1395: tyme to biweile, and tyme to daunse. 2012: a time to bewail, and a time to dance.

1395: Tyme to scatere stoonys, and tyme to gadere togidere; 2012: A time to scatter stones, and a time to gather them together;

1395: tyme to colle, ether biclippe, and tyme to be fer fro collyngis. 2012: a time to embrace, and a time to be far from embracings, or embraces.

1395: Tyme to wynne, and tyme to leese; 2012: A time to win, and a time to lose;

1395: tyme to kepe, and tyme to caste awei. 2012: a time to keep, and a time to cast away.

1395: Tyme to kitte, and tyme to sewe togidere; 2012: A time to cut, and a time to sew together;

1395: tyme to be stille, and tyme to speke. 2012: a time to be still, and a time to speak.

1395: Tyme to loue/Tyme of loue, and tyme of hatrede; 2012: A time to love/A time of love, and a time of hatred;

1395: tyme of batel, and tyme of pees. 2012: a time of battle, and a time of peace.

1 Following King Edward I's expulsion edict of 1290, decreeing the banishment of all Jews from England, the Jewish people were absent from its soil until the mid-17th century. However, Hebrew Old Testaments, commentaries, and other scholarly writings concerning the Hebrew Scriptures, were studied when the Old Testament of the "Wycliffe Bible" was written and revised (as were Greek sources when its New Testament was written and revised). For more on this, see 'A Word Regarding the Primary Source' below.
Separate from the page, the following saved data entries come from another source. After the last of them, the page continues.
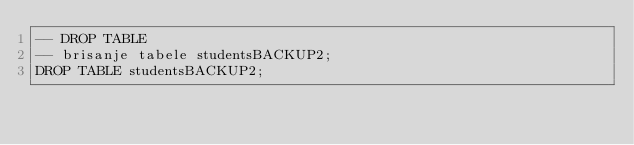Convert code to text. <code><loc_0><loc_0><loc_500><loc_500><_SQL_>-- DROP TABLE
-- brisanje tabele studentsBACKUP2;
DROP TABLE studentsBACKUP2;
</code> 
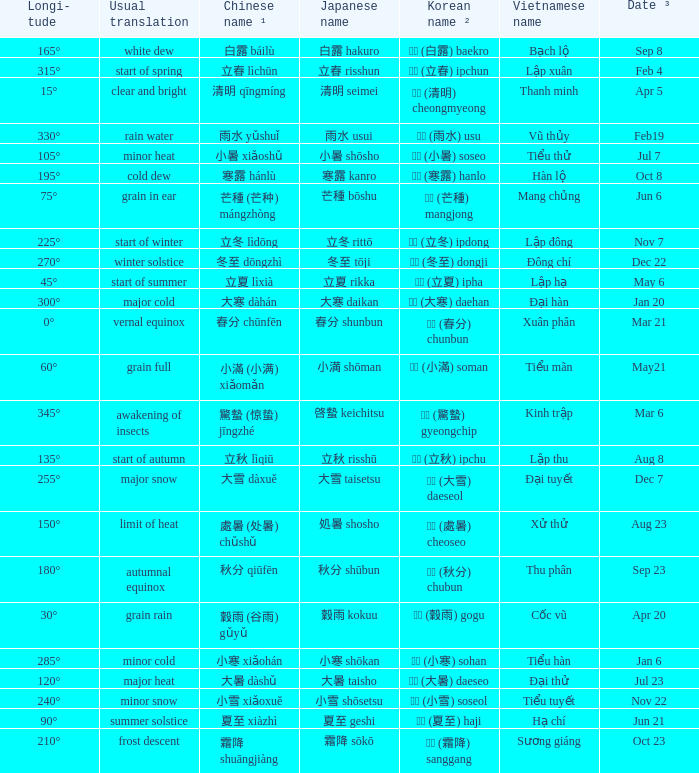Which Japanese name has a Korean name ² of 경칩 (驚蟄) gyeongchip? 啓蟄 keichitsu. 
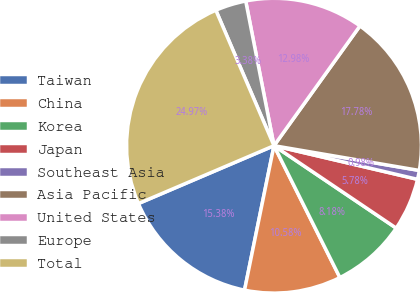Convert chart. <chart><loc_0><loc_0><loc_500><loc_500><pie_chart><fcel>Taiwan<fcel>China<fcel>Korea<fcel>Japan<fcel>Southeast Asia<fcel>Asia Pacific<fcel>United States<fcel>Europe<fcel>Total<nl><fcel>15.38%<fcel>10.58%<fcel>8.18%<fcel>5.78%<fcel>0.98%<fcel>17.78%<fcel>12.98%<fcel>3.38%<fcel>24.97%<nl></chart> 
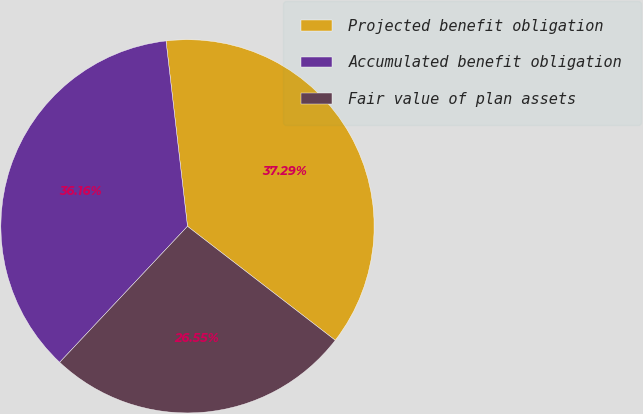Convert chart. <chart><loc_0><loc_0><loc_500><loc_500><pie_chart><fcel>Projected benefit obligation<fcel>Accumulated benefit obligation<fcel>Fair value of plan assets<nl><fcel>37.29%<fcel>36.16%<fcel>26.55%<nl></chart> 
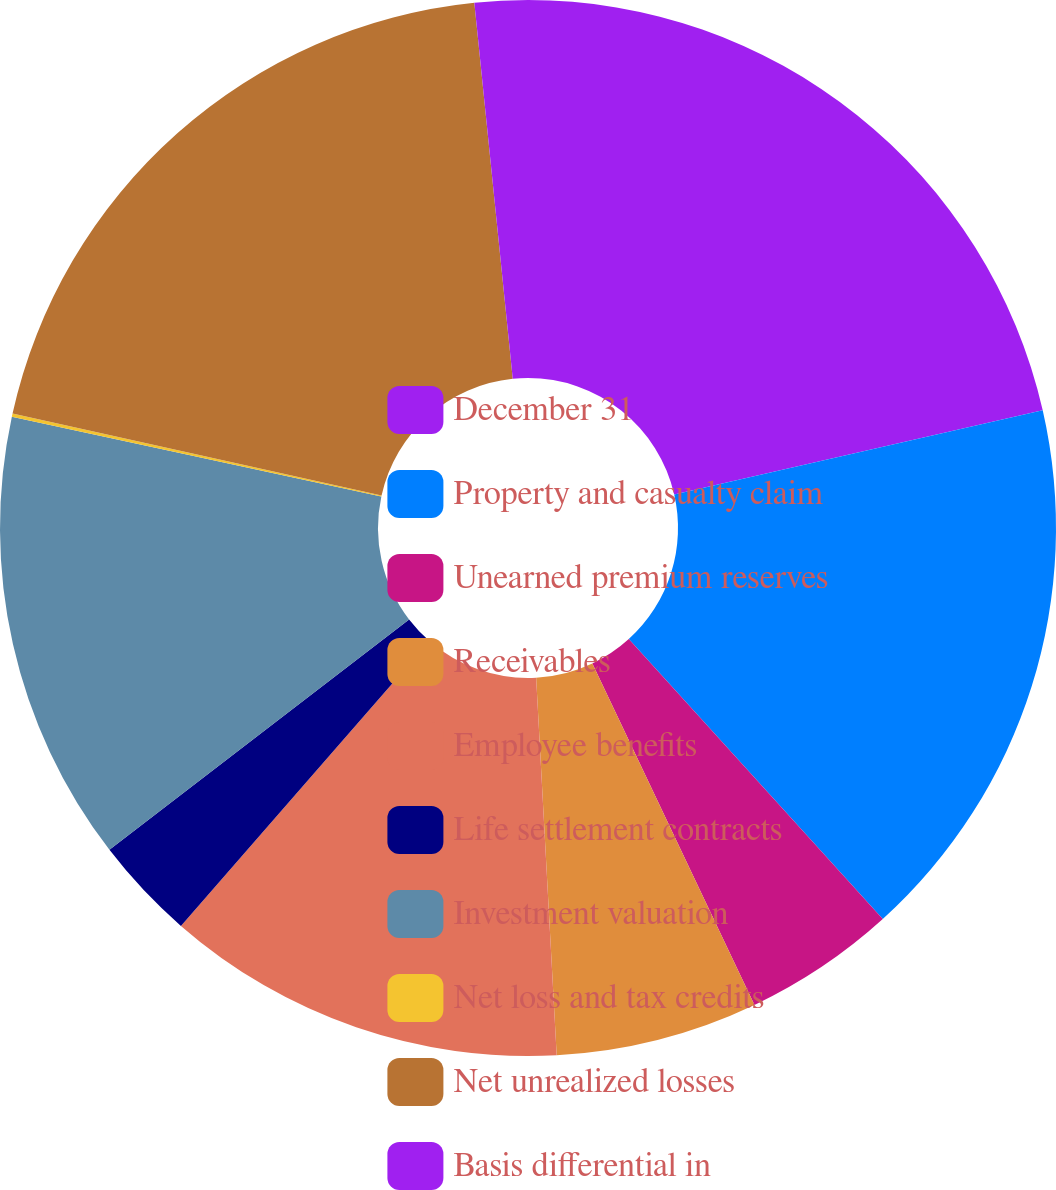<chart> <loc_0><loc_0><loc_500><loc_500><pie_chart><fcel>December 31<fcel>Property and casualty claim<fcel>Unearned premium reserves<fcel>Receivables<fcel>Employee benefits<fcel>Life settlement contracts<fcel>Investment valuation<fcel>Net loss and tax credits<fcel>Net unrealized losses<fcel>Basis differential in<nl><fcel>21.42%<fcel>16.85%<fcel>4.67%<fcel>6.19%<fcel>12.28%<fcel>3.15%<fcel>13.81%<fcel>0.1%<fcel>19.9%<fcel>1.62%<nl></chart> 
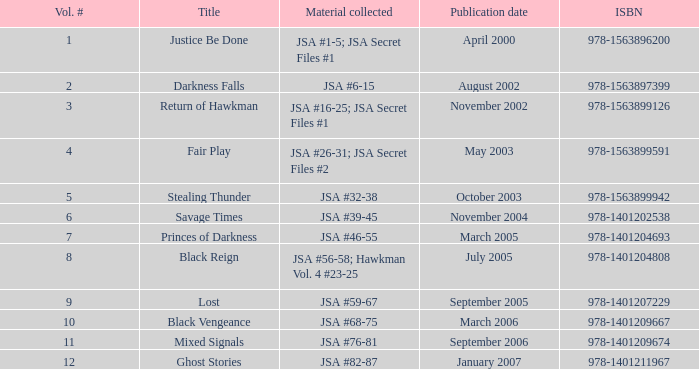What is the count of volume numbers for the title darkness falls? 2.0. 
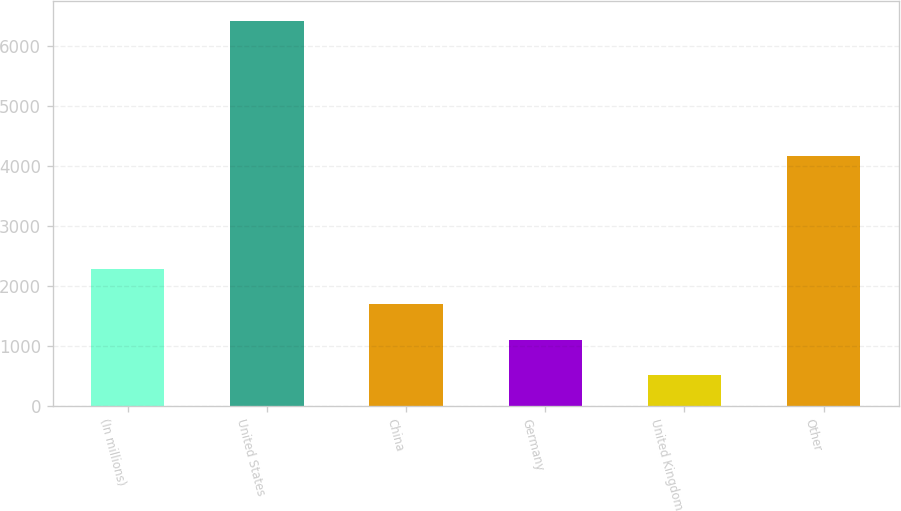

2 Nicholas (de) Hereford, an associate of Wycliffe's and Purvey's, helped write 2/3rds of the highly literal "Early Version" of the Old Testament (up to "Baruch", an apocryphal book then placed before "Ezekiel"), before he was summoned to Rome to explain his actions. Threatened with death by the Synod of Black Friars, he recanted. Pope Urbanus VI sentenced him to prison, where he possibly spent two years. When a civil insurrection broke out in Rome, the rioters set all the captives free. Hereford fled back to England and resumed his work to educate the ignorant and aid the poor. Arrested again, this time his recantation stuck. Thenceforth, he worked tirelessly against his former colleagues, testifying at their trials, vociferously and vituperatively condemning the writing of the English Bible. For his efforts, the Church princes rewarded him with the position of Chancellor and Treasurer of Hereford Cathedral, as well as a lifelong stipend. Finally, after a long life of shifting alliances, of activities of both grace and perfidy, Hereford retired to a Carthusian monastery, an austere, ascetic order that embraced solitude, silence, and midnight masses. Perhaps, at long last, he felt he had said enough.